Data items
Segment Open

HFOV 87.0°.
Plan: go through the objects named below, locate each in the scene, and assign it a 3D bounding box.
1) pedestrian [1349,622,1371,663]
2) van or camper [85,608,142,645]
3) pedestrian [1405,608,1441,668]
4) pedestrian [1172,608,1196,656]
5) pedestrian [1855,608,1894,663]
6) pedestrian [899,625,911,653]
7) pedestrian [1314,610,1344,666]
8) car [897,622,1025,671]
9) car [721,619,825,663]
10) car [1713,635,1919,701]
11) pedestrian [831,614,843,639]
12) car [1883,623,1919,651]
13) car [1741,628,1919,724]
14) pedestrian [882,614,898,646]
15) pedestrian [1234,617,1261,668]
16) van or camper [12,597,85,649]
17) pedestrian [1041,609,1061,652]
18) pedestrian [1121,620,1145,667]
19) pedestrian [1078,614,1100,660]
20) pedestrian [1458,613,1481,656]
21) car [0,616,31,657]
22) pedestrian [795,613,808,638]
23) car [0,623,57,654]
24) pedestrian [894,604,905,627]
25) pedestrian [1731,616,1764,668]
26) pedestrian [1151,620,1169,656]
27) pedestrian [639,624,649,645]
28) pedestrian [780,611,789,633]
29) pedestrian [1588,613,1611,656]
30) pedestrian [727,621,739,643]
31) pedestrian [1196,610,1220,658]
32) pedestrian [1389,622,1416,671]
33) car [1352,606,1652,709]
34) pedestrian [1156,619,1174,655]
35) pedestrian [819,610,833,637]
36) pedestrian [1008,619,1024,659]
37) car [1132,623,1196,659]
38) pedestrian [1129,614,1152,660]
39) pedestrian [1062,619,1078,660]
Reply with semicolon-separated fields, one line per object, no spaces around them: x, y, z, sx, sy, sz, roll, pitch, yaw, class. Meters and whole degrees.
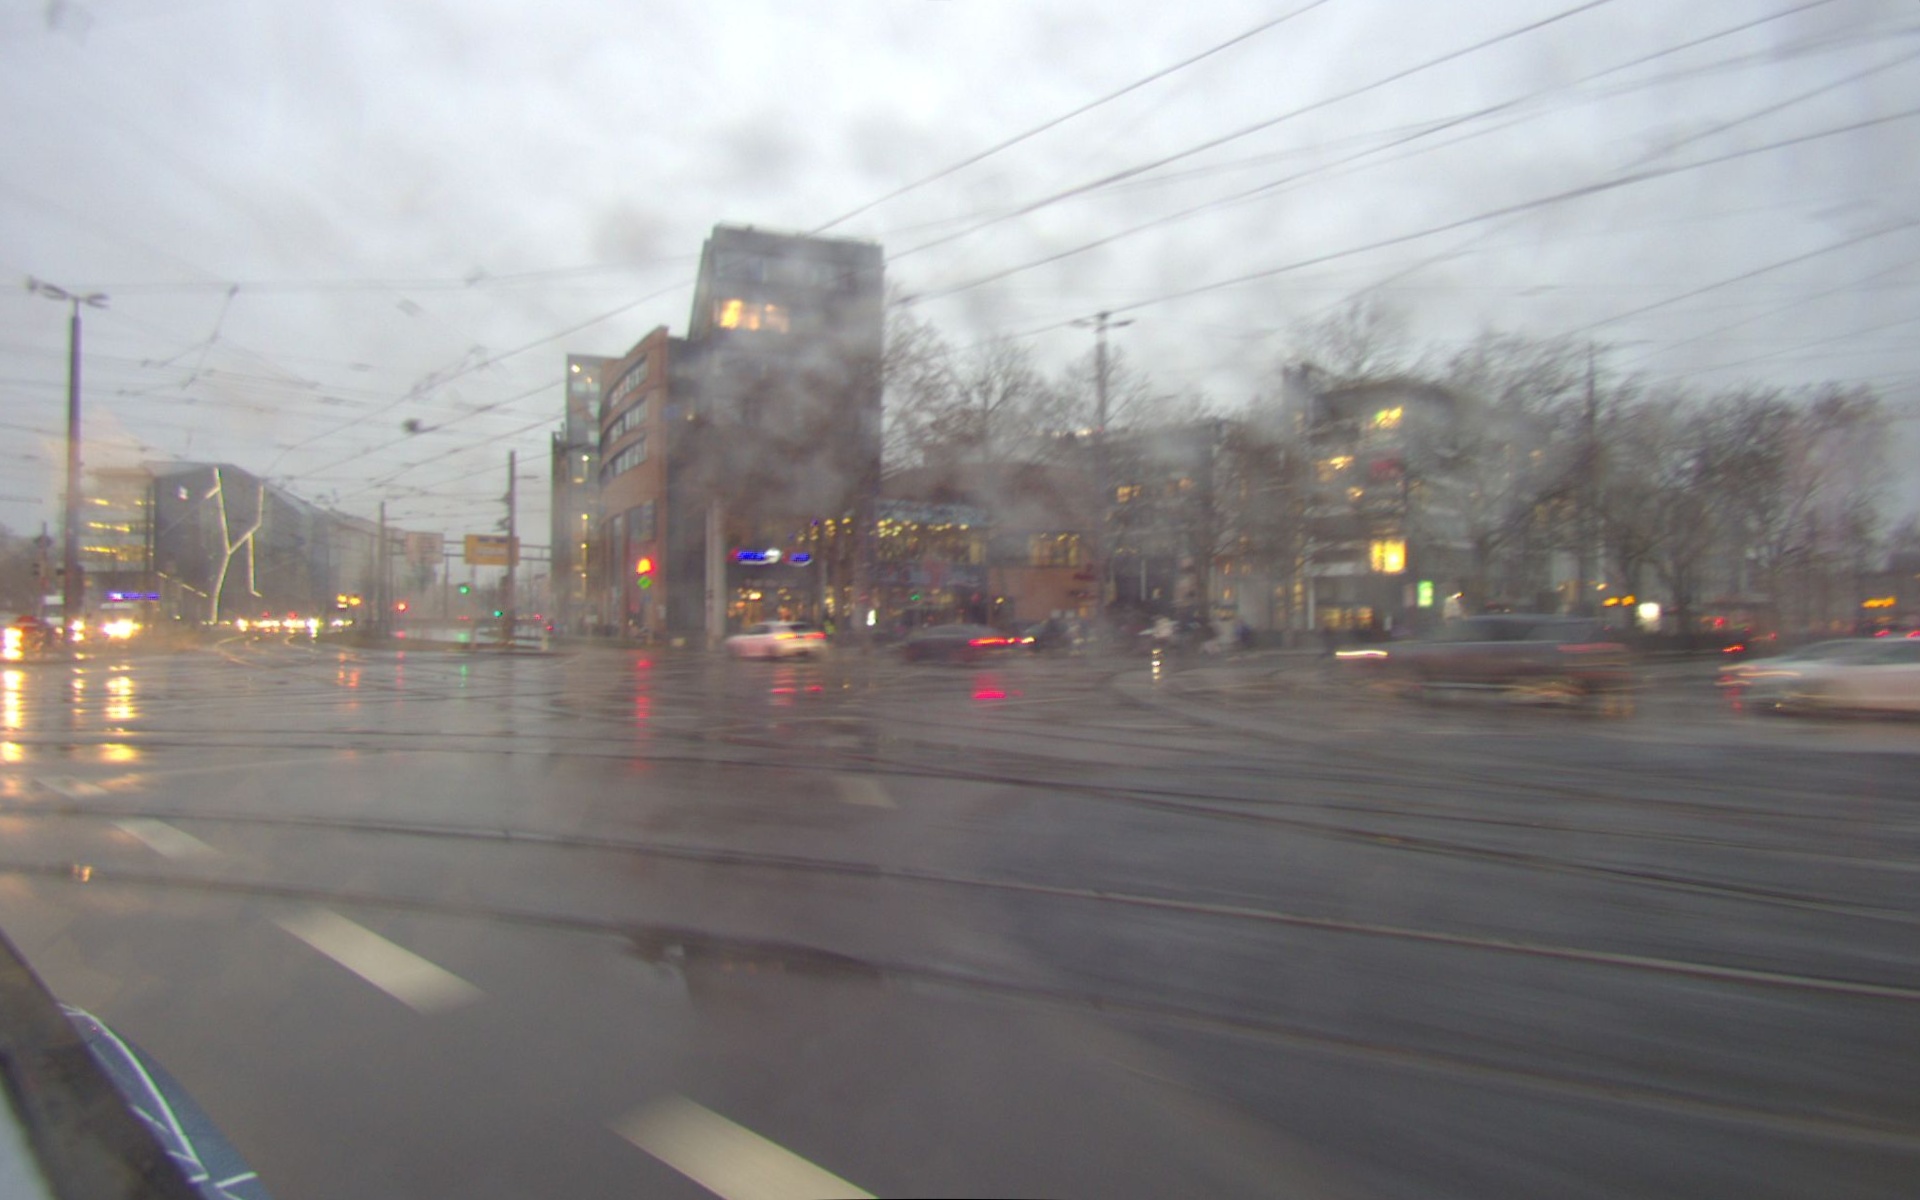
15.203;1.594;38.484;0.511;1.549;0.577;1;-2;-27;pedestrian
-57.987;1.779;69.435;2.150;2.370;5.666;-1;-1;-31;van or camper
15.877;1.296;34.714;0.786;2.029;0.762;1;-1;-20;pedestrian
9.604;1.386;43.452;0.695;2.029;0.762;1;-1;-20;pedestrian
34.068;1.319;37.710;0.754;2.029;0.929;0;-1;21;pedestrian
-3.376;2.350;61.864;0.593;1.696;0.558;-1;-2;21;pedestrian
13.452;1.371;36.932;0.695;2.029;0.762;1;-1;-20;pedestrian
-0.017;1.510;33.851;4.235;1.516;1.733;-1;-2;43;car
-6.858;1.452;36.914;1.649;1.506;4.203;2;-2;-45;car
19.709;1.472;22.698;1.590;1.331;4.238;1;-2;-36;car
-8.831;1.899;72.654;0.715;1.721;0.696;1;-2;-27;pedestrian
63.155;2.437;67.250;3.645;1.796;2.112;1;-2;-38;car
16.399;1.282;17.450;1.808;1.568;4.447;1;-2;-45;car
-4.521;1.937;65.308;0.756;2.029;0.700;0;-2;30;pedestrian
11.590;1.707;40.799;0.696;2.029;0.761;1;-2;-36;pedestrian
-47.716;1.175;53.089;2.028;2.567;5.900;-1;0;-34;van or camper
4.347;1.431;48.230;0.695;2.029;0.762;1;-1;-20;pedestrian
7.563;1.890;44.193;0.695;2.029;0.761;1;-2;-34;pedestrian
5.789;1.665;45.514;0.756;2.029;0.700;0;-2;30;pedestrian
24.275;1.640;48.246;0.735;2.029;0.721;2;-2;-39;pedestrian
-38.603;1.441;40.439;1.658;1.585;3.770;1;-2;-35;car
-10.969;1.754;69.948;0.729;1.669;0.696;1;-2;-27;pedestrian
-42.757;1.737;46.202;1.796;1.342;4.235;-1;-1;-35;car
-4.523;1.170;75.894;0.643;1.764;0.447;1;-2;-36;pedestrian
29.433;1.575;37.843;0.826;1.914;0.787;1;-2;-39;pedestrian
8.821;1.665;44.628;0.511;1.549;0.577;1;-2;-27;pedestrian
-19.534;2.158;62.548;0.439;1.274;0.497;-1;0;-40;pedestrian
-14.148;1.790;81.413;0.682;1.721;0.928;1;-2;-8;pedestrian
30.350;1.626;48.029;0.735;2.029;0.721;2;-2;-39;pedestrian
-16.340;2.300;72.848;0.641;1.515;0.696;1;-2;-27;pedestrian
10.591;1.463;43.192;0.695;2.029;0.762;1;-1;-20;pedestrian
14.026;1.471;32.090;0.511;1.549;0.577;1;-2;-27;pedestrian
10.117;0.996;19.177;4.706;1.722;1.808;-1;-2;44;car
8.903;1.591;43.954;0.511;1.549;0.577;1;-2;-27;pedestrian
-9.562;1.673;72.187;0.762;1.860;0.925;1;-2;-24;pedestrian
2.804;1.954;50.894;0.700;2.029;0.774;0;-1;12;pedestrian
12.612;2.516;62.405;4.016;2.153;1.922;2;-1;-45;car
8.081;1.636;45.209;0.747;2.029;0.708;2;-2;-42;pedestrian
5.299;1.887;48.665;0.520;1.973;0.670;1;-2;-23;pedestrian

Segment Closed

Could you restate word for word the lines above from the one containing "33) car [1352,606,1652,709]" through the one containing "39) pedestrian [1062,619,1078,660]", both included, and nothing else?

### WRITTEN REPLY
33) car [1352,606,1652,709]
34) pedestrian [1156,619,1174,655]
35) pedestrian [819,610,833,637]
36) pedestrian [1008,619,1024,659]
37) car [1132,623,1196,659]
38) pedestrian [1129,614,1152,660]
39) pedestrian [1062,619,1078,660]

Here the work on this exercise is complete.